Although ‘traditional’ gambling machines (‘one-armed bandits’) can be found in pubs, others which test trivia knowledge are also popular. Gaming machine costumes available tend to be more the kind found in a fairground, but don’t let that stop some ingenuity.
Aside from the games aspect, the entertainment might involve either dressing as a visiting entertainer, such as a stand-up comedian, a travelling musician or the ever-popular Morris Dancers. These latter wear ribbons and bells, come in groups known as ‘sides’, and their dances are said to be originally derived from ‘Moorish’ dances brought back from the Crusades in the Holy Land in early English history.
You can run any of the following entertainments as part of the party:
- A karaoke segment
- A quiz night session
- A Britain’s Got Talent/X-Factor-type event
Pub Food and Drink Ideas
To complete your pub-themed party, you’ll need the perfect pub food and drinks.
Standard items of party food such as crisps and nuts are usually available at pubs to buy but are sometimes offered as complementary bar snacks (the salty snacks improve your thirst!). Other snacks, such as pickled onions, pickled eggs and small cubes of cheese, may also be offered.
In addition, there are some more interesting pub snacks available such as pork scratchings (pork rind fried and flavour coated) and bread and dripping (bread spread with the dripping from beef joints cooked in the pub’s kitchen when making meals).
Whilst cocktails and spirits are available in most pubs, British pubs are mostly about the beer. (Lager and cider are also popular, but bear with me.)

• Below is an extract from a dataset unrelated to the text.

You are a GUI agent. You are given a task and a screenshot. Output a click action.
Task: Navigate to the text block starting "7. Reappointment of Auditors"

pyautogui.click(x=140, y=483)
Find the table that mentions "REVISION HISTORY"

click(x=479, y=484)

Some beers, such as Guinness, the Irish stout, are known internationally, but there are a good number of large British breweries and an increasing number of smaller, local micro-breweries – some pubs have their own – with a wide range of beer products on both ‘draught’ (out of a beer tap), ‘bottle’ (Guess!) and somewhere in between – mini-barrels such as firkins containing a good few pints. The problem is that each of these breweries (like others around the world) produces beers with weird and wild names, and some of you might want to take your costume inspiration from these.
Additional information on the eccentricities of the British pub can, of course, be found on the internet, but hopefully, the above gives you food for thought on a novel theme.